Finding linear independence in $v_1,\ldots,v_m$ First, I'll try not to ramble, although it tends to happen when I type.
I have the following linear algebra problem for my homework.
Prove or give a counterexample: If $v_1, v_2, \ldots , v_m$ are linearly independent vectors in $V$, then $5v_1 − 4v_2, v_2, \ldots , v_m$ is linearly independent.
My first thought was: "It's obviously not linearly independent. $5v_1 - 4v_2$ is a linear combination of $v_1$ and $v_2$."
But then I noticed that $v_1$ wasn't actually in that set, so then I got to thinking that because we're getting a new vector from one vector that's already in the set, and one vector that's outside the set, but that would be independent of the rest if it was in it, then that resulting vector ($5v_1 - 4v_2$) is also independent.
Which one is correct? My gut is telling me that the second one is correct. But I can't think of a way to really prove that $5v_1 - 4v_2$ definitely can't be made by a linear combination of any other vectors in that set.
Any help would be appreciated. Thanks.
 A: In some cases $\def\v{{\bf v}}5\v_1-4\v_2$ might be expressible in terms of $\v_2,\ldots,\v_m$.  But the important thing to realise is that in this problem it is given that $\v_1,\ldots,\v_m$ are independent - that makes all the difference.

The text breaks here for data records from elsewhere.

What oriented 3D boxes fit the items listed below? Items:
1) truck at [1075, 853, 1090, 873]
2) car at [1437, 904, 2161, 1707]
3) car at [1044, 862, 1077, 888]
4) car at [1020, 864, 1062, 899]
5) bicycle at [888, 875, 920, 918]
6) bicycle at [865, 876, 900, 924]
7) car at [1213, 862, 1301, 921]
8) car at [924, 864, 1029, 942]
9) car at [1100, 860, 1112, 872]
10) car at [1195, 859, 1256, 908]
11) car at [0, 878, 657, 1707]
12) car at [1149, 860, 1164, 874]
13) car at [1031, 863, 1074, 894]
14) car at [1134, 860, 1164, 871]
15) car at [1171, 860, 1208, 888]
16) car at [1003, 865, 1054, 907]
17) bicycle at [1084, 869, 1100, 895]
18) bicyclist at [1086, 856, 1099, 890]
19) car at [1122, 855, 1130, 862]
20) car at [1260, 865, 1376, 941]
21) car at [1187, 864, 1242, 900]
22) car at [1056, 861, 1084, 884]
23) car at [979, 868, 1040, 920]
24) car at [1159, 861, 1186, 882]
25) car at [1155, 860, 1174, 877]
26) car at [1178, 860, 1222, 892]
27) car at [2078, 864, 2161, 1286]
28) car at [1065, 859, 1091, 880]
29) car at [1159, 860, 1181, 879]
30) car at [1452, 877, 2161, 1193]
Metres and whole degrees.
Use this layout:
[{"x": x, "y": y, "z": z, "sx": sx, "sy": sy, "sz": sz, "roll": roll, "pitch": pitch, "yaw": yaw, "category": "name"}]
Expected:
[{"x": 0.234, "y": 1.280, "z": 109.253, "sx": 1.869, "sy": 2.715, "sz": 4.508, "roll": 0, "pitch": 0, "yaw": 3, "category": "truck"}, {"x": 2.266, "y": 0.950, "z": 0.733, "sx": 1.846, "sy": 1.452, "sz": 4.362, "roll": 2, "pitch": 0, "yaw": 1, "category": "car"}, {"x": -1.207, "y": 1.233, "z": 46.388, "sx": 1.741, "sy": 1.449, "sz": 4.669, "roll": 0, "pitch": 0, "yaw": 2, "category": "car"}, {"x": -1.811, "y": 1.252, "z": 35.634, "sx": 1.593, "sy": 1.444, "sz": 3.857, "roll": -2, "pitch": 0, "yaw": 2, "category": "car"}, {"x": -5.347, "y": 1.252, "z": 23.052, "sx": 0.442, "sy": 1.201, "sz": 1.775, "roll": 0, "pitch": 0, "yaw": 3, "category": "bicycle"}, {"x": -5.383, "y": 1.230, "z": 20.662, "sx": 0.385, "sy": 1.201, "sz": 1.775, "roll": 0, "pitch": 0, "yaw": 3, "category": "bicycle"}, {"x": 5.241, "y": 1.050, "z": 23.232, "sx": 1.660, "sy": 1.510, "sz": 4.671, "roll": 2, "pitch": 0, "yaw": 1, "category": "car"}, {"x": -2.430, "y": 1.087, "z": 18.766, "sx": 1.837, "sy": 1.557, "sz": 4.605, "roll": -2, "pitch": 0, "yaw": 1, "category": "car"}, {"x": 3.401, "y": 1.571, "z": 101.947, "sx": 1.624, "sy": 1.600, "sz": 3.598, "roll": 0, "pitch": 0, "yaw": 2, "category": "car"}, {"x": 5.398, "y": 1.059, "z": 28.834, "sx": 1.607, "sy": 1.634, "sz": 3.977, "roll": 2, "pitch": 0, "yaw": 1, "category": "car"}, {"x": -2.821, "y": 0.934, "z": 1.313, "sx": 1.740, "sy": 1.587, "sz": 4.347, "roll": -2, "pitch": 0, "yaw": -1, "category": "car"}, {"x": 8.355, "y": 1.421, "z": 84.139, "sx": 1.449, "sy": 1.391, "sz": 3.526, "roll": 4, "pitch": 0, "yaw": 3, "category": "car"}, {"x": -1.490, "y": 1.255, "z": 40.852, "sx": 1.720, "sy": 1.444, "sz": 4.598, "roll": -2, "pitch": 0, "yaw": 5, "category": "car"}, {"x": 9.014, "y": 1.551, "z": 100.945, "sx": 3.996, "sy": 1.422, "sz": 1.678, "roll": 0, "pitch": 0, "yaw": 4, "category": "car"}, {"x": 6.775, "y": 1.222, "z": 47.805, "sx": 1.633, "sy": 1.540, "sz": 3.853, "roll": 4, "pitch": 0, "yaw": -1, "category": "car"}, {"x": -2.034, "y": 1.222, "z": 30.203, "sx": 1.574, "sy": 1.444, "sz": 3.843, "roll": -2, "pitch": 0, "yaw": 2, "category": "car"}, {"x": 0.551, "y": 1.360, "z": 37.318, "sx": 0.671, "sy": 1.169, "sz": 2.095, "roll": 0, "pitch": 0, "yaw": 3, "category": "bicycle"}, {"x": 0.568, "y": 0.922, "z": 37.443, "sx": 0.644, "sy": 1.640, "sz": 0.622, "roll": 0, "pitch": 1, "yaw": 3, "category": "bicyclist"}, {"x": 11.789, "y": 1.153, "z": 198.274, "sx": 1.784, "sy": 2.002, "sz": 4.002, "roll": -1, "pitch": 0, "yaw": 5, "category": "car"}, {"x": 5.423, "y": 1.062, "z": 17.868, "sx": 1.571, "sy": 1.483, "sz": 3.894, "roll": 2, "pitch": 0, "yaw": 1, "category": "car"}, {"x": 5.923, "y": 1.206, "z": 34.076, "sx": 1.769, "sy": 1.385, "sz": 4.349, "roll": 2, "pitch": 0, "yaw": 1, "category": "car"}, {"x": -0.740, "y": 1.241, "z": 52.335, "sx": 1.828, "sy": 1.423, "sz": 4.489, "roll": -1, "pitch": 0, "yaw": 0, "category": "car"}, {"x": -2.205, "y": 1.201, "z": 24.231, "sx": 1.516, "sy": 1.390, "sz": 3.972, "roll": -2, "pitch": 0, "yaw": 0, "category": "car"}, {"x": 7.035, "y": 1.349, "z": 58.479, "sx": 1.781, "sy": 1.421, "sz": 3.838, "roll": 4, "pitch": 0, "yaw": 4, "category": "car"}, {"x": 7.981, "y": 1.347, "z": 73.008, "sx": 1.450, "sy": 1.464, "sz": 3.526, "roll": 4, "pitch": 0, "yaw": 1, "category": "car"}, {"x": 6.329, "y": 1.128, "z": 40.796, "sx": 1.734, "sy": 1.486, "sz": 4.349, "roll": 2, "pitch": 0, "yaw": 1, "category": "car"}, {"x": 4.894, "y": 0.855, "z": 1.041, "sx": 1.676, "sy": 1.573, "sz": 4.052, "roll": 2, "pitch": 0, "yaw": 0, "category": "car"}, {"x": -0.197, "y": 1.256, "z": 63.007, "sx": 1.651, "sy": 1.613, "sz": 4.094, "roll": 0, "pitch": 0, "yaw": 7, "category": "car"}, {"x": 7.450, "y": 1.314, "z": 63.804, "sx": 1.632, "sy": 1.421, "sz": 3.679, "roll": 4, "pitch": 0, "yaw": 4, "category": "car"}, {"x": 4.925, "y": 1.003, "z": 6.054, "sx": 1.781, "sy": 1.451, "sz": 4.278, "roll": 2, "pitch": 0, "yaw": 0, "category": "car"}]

To see whether $5\v_1-4\v_2,\v_2,\ldots,\v_m$ are independent, make a linear combination equal to the zero vector:
$$\lambda_1(5\v_1-4\v_2)+\lambda_2\v_2+\cdots+\lambda_m\v_m={\bf0}\ .\tag{$*$}$$
Rearranging terms,
$$(5\lambda_1)\v_1+(\lambda_2-4\lambda_1)\v_2+\lambda_3\v_3+\cdots+\lambda_m\v_m={\bf0}\ .$$
$\color{red}{\hbox{Since $\v_1,\ldots,\v_m$ are independent}}$ (the key fact), all the coefficients on the LHS must be zero:
$$5\lambda_1=0\ ,\quad \lambda_2-4\lambda_1=0\ ,\quad \lambda_3=0\ ,\ldots,\quad \lambda_m=0\ .$$
You can easily see from this that
$$\lambda_1=0\ ,\quad \lambda_2=0\ ,\quad \lambda_3=0\ ,\ldots,\quad \lambda_m=0\ .$$
So the only way $(*)$ can hold is when all the scalar coefficients are zero; so the vectors are linearly independent.